Existence of a simultaneous prime approximation. Given finitely many distinct primes $p_1, \dots, p_n$ and units $u_i \in \mathbb{Z}_{p_i}^\times$, there exists a prime $p_0$ not among the $p_i$ such that $p_0$ is in the same square class as $u_i$ in $\mathbb{Q}_{p_i}$ for each $i$. Combines CRT and Dirichlet's theorem on primes in arithmetic progressions.

theorem padic_unit_norm_of_prod_div (n : ℕ) (primes : Fin n → ℕ) (hp : ∀ (i : Fin n), Fact (Nat.Prime (primes i))) (_hinj : Function.Injective primes) (x_fin : (i : Fin n) → ℚ_[primes i]) (hx_fin : ∀ (i : Fin n), x_fin i ≠ 0) (y : ℚ) (_hy : y ≠ 0) (hy_norm : ∀ (i : Fin n), ‖↑y‖ = ‖x_fin i‖) (i : Fin n) : ‖↑y * (x_fin i)⁻¹‖ = 1

If a rational $y$ has the same $p_i$-adic norm as $x_i$ for each $i$, then $y \cdot x_i^{-1}$ is a unit in $\mathbb{Q}_{p_i}$ for each $i$.
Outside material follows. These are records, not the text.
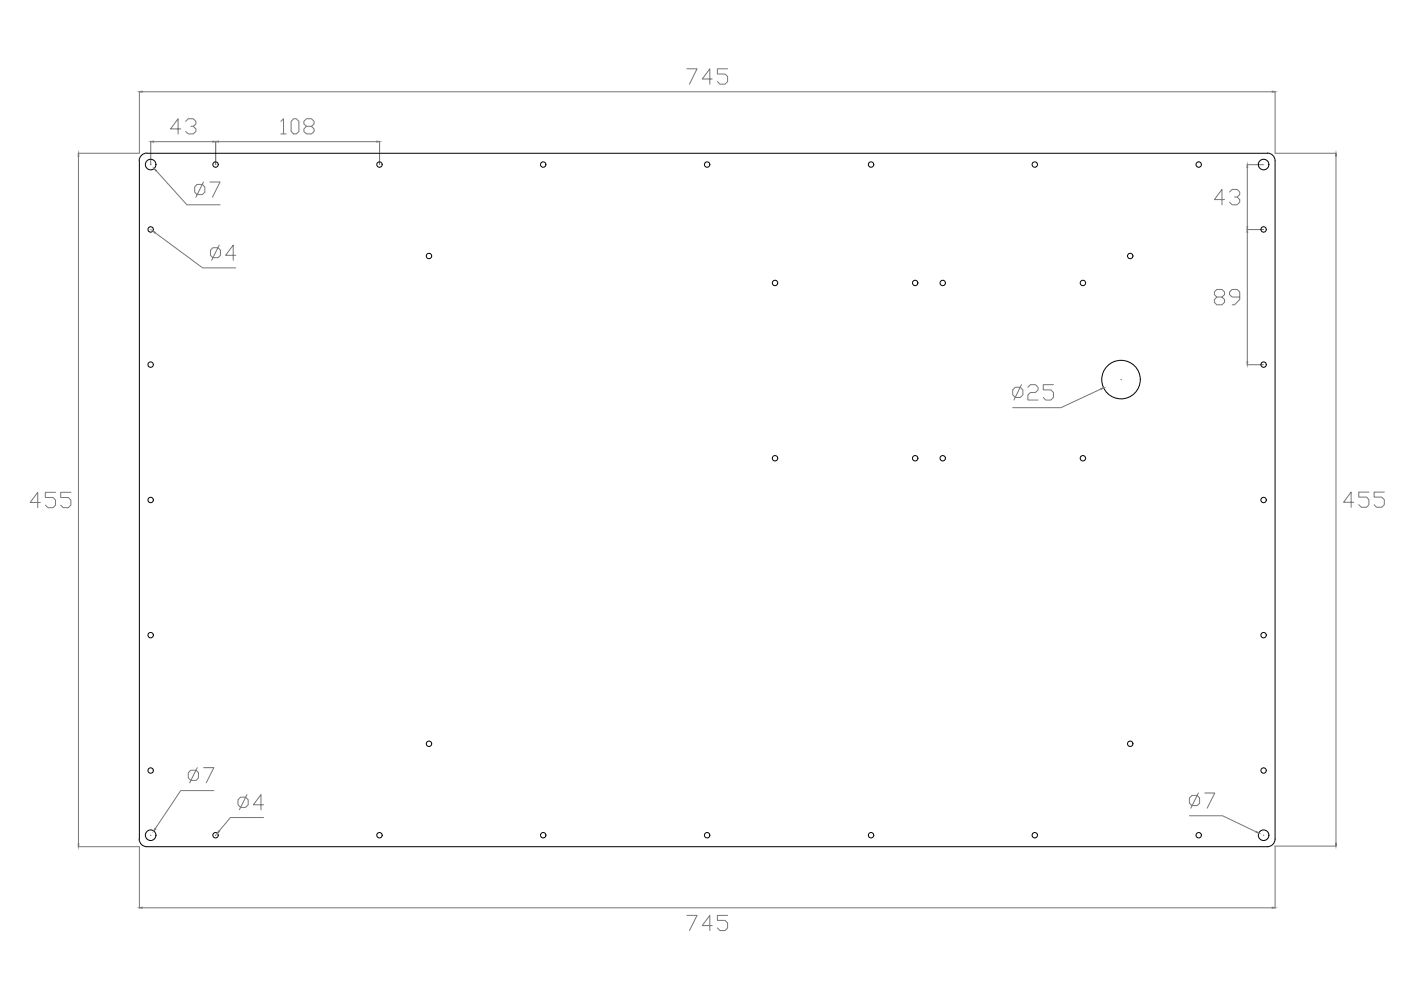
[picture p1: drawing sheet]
<svg xmlns="http://www.w3.org/2000/svg" width="297mm" height="210mm" viewBox="0 0 297 210" stroke-linecap="round" stroke-linejoin="round" font-family="sans-serif">
<!-- layer: OLCULENDIRME -->
<g fill="none" stroke="#767676" stroke-width=".21">
<path d="M29.5 19.4v13.1M30.1 19.5h239.6M145.6 14.6h2.2l-1.6 3.3M151 16.7h-2.1l1.6-2.1v3.3M154.3 14.6h-2.2v1.1h1.6l.6 .5v1.1l-.6 .6h-1l-.6-.6M270.3 19.4v13.1M16.6 32.5h12.9M16.6 33.1v145.9M32 30v4.9M32.6 30h12.5M33.1 36.2l6.5 7.2h7.1M38.3 27.3h-2.1l1.6-2.1v3.2"/>
<path d="M39.4 25.7l.5-.5h1.1l.5 .5v.6l-.5 .5h-.5M41 26.8l.5 .5v.6l-.5 .5h-1.1l-.5-.5M41.8 39.1h1.1l.5 .6v1.1l-.5 .5h-1.1l-.5-.5v-1.1zM43.1 38.6l-1.6 3.2M44.5 38.6h2.2l-1.7 3.2M45.7 30v4.9M46.3 30h33.6M59.6 25.7l.5-.5v3.2M59.6 28.4h1.1M61.7 25.7l.6-.5h.5l.6 .5v2.2l-.6 .5h-.5l-.6-.5zM65 26.8l-.6-.5v-.6l.6-.5h1l.6 .5v.6l-.6 .5h-1l-.6 .5v.6l.6 .5h1l.6-.5v-.6l-.6-.5M80.5 30v4.9"/>
<path d="M264.4 34.9h3.5M264.5 35.5v12.6M270.3 32.5h13M283.3 33.1v145.7M32 48.6v.1M32.9 49.3l10.1 7.5h7M45.1 52.5h1.1l.5 .5v1.1l-.5 .5h-1.1l-.5-.5v-1.1zM46.5 52l-1.6 3.2M50 54.1h-2.2l1.6-2.1v3.2M259.6 42.3h-2.1l1.6-2.1v3.2M260.7 40.7l.5-.5h1.1l.5 .5v.6l-.5 .5h-.6M262.3 41.8l.5 .5v.6l-.5 .5h-1.1l-.5-.5"/>
<path d="M264.4 48.7h3.5M264.5 49.2v27.5M258 63l-.5-.5v-.6l.5-.5h1.1l.5 .5v.6l-.5 .5h-1.1l-.5 .5v.6l.5 .5h1.1l.5-.5v-.6l-.5-.5M262.8 63h-1.6l-.5-.5v-.6l.5-.5h1.1l.5 .5v1.6l-1.1 1.1h-.5M264.4 77.3h3.5M214.7 82.7l.6-.6h1l.6 .6v1l-.6 .6h-1l-.6-.6zM216.6 81.6l-1.6 3.2M217.9 82.1l.6-.5h1l.6 .5v.6l-.6 .5h-1l-.6 .5v1.1h2.2M223.4 81.6h-2.2v1.1h1.6l.6 .5v1.1l-.6 .5h-1.1l-.5-.5M233.5 82.5l-8.5 3.9h-10.3M237.7 80.5h.1M8.6 106.5h-2.2l1.6-2.1v3.2"/>
<path d="M11.8 104.4h-2.2v1.1h1.7l.5 .5v1.1l-.5 .5h-1.1l-.6-.5M15 104.4h-2.1v1.1h1.6l.5 .5v1.1l-.5 .5h-1.1l-.5-.5M287 106.5h-2.1l1.6-2.2v3.3M290.2 104.3h-2.1v1.1h1.6l.5 .5v1.1l-.5 .6h-1.1l-.5-.6M293.5 104.3h-2.2v1.1h1.6l.6 .5v1.1l-.6 .6h-1.1l-.5-.6M16.6 179.5h12.9M29.5 179.6v12.9M32 177.1v.1M39.9 163.8l.6-.5h1.1l.5 .5v1.1l-.5 .6h-1.1l-.6-.6zM41.8 162.8l-1.6 3.2M43.2 162.8h2.1l-1.6 3.2M45.3 167.6h-7l-5.4 8.1"/>
<path d="M45.7 177.1v.1M51 169h1.1l.5 .6v1l-.5 .6h-1.1l-.5-.6v-1zM52.4 168.5l-1.6 3.2M55.9 173.3h-7l-2.5 2.9M55.9 170.6h-2.2l1.6-2.1v3.2M252.2 173h7l7.2 3.4M252.2 169.2l.5-.6h1.1l.5 .6v1.1l-.5 .5h-1.1l-.5-.5zM254.1 168.1l-1.6 3.3M255.4 168.1h2.2l-1.7 3.3M267.9 177.1v.1M283.3 179.4h-13v13.1M30.1 192.5h239.6"/>
<path d="M145.6 194.1h2.2l-1.6 3.2M151 196.2h-2.1l1.6-2.1v3.2M154.3 194.1h-2.2v1h1.6l.6 .6v1.1l-.6 .5h-1l-.6-.5"/>
</g>
<g fill="#767676" stroke="#767676" stroke-width=".21">
<path d="M29.5 19.5l.6-.2v.2z"/>
<path d="M269.7 19.3l.6 .2h-.6z"/>
<path d="M29.5 192.5l.6-.2v.3z"/>
<path d="M269.7 192.3l.6 .2-.6 .1z"/>
<path d="M283.2 178.8h.1v.6z"/>
<path d="M283.3 32.5v.6h-.1z"/>
<path d="M16.6 32.5l.1 .6h-.1z"/>
<path d="M16.6 179h.1l-.1 .5z"/>
<path d="M264.4 48.1h.1v.6z"/>
<path d="M264.5 34.9v.6h-.1z"/>
<path d="M264.5 48.7v.5h-.1z"/>
<path d="M264.4 76.7h.1v.6z"/>
<path d="M79.9 29.9l.6 .1-.6 .1z"/>
<path d="M45.7 30l.6-.1v.2z"/>
<path d="M45.1 29.9l.6 .1-.6 .1z"/>
<path d="M32 30l.6-.1v.2z"/>
<path d="M233.4 82.4l.6-.2-.5 .3z"/>
<path d="M32.7 35.8l.5 .3-.1 .2z"/>
<path d="M32.4 49l.5 .3v.1z"/>
<path d="M32.9 175.6l.1 .2-.4 .4z"/>
<path d="M46.4 176.2l.1 .1-.4 .4z"/>
<path d="M266.4 176.3l.5 .3-.6-.1z"/>
</g>
<!-- layer: 0 -->
<g fill="none" stroke="#000" stroke-width=".21">
<path d="M31.1 32.5a1.63 1.63 0 0 0-1.6 1.6v143.8M31.2 32.5h237.5M268.7 32.5a1.63 1.63 0 0 1 1.6 1.6v143.8M29.5 177.9a1.63 1.63 0 0 0 1.6 1.6M270.3 177.9a1.63 1.63 0 0 1-1.6 1.6h-237.5"/>
<circle cx="31.9" cy="34.9" r="1.12"/>
<circle cx="45.7" cy="34.9" r=".57"/>
<circle cx="80.5" cy="34.9" r=".57"/>
<circle cx="115.2" cy="34.9" r=".57"/>
<circle cx="149.9" cy="34.9" r=".57"/>
<circle cx="184.7" cy="34.9" r=".57"/>
<circle cx="219.4" cy="34.9" r=".57"/>
<circle cx="254.1" cy="34.9" r=".57"/>
<circle cx="267.9" cy="34.9" r="1.12"/>
<circle cx="31.9" cy="48.6" r=".57"/>
<circle cx="91" cy="54.3" r=".57"/>
<circle cx="164.3" cy="60" r=".57"/>
<circle cx="194" cy="60" r=".57"/>
<circle cx="199.9" cy="60" r=".57"/>
<circle cx="229.6" cy="60" r=".57"/>
<circle cx="239.6" cy="54.3" r=".57"/>
<circle cx="267.9" cy="48.6" r=".57"/>
<circle cx="31.9" cy="77.3" r=".57"/>
<circle cx="267.9" cy="77.3" r=".57"/>
<circle cx="164.3" cy="97.2" r=".57"/>
<circle cx="194" cy="97.2" r=".57"/>
<circle cx="199.9" cy="97.2" r=".57"/>
<circle cx="229.6" cy="97.2" r=".57"/>
<circle cx="237.7" cy="80.5" r="4.1"/>
<circle cx="31.9" cy="106" r=".57"/>
<circle cx="267.9" cy="106" r=".57"/>
<circle cx="31.9" cy="134.7" r=".57"/>
<circle cx="267.9" cy="134.7" r=".57"/>
<circle cx="91" cy="157.7" r=".57"/>
<circle cx="239.6" cy="157.7" r=".57"/>
<circle cx="31.9" cy="177.1" r="1.12"/>
<circle cx="31.9" cy="163.4" r=".57"/>
<circle cx="45.7" cy="177.1" r=".57"/>
<circle cx="80.5" cy="177.1" r=".57"/>
<circle cx="115.2" cy="177.1" r=".57"/>
<circle cx="149.9" cy="177.1" r=".57"/>
<circle cx="184.7" cy="177.1" r=".57"/>
<circle cx="219.4" cy="177.1" r=".57"/>
<circle cx="254.1" cy="177.1" r=".57"/>
<circle cx="267.9" cy="177.1" r="1.12"/>
<circle cx="267.9" cy="163.4" r=".57"/>
</g>
</svg>

theorem lemma_11_11 (n : ℕ) (primes : Fin n → ℕ) (hp : ∀ (i : Fin n), Fact (Nat.Prime (primes i))) (hinj : Function.Injective primes) (x_fin : (i : Fin n) → ℚ_[primes i]) (hx_fin : ∀ (i : Fin n), x_fin i ≠ 0) (infInS : Bool) (x_inf : ℝ) (hx_inf : infInS = true → x_inf ≠ 0) : ∃ (x : ℚ), x ≠ 0 ∧ (∀ (i : Fin n), PadicSameSquareClass (primes i) (↑x) (x_fin i)) ∧ (infInS = true → RealSameSquareClass (↑x) x_inf) ∧ ∃ (exceptions : Finset ℕ), exceptions.card ≤ 1 ∧ ∀ (q : ℕ) (_hq : Fact (Nat.Prime q)), q ∉ Finset.image primes Finset.univ → q ∉ exceptions → ‖↑x‖ = 1

Lemma 11.11 (Square-class weak approximation). Given a finite set $S$ of places of $\mathbb{Q}$ (a finite set of primes $\{p_i\}$, possibly together with the infinite place) and nonzero elements $x_i \in \mathbb{Q}_{p_i}^\times$ (and a sign $x_\infty \in \mathbb{R}^\times$ if the infinite place is in $S$), there exists $x \in \mathbb{Q}^\times$ that is in the same square class as $x_i$ at every place in $S$ and is a $q$-adic unit at every prime $q$ outside $S$, with at most one possible exception.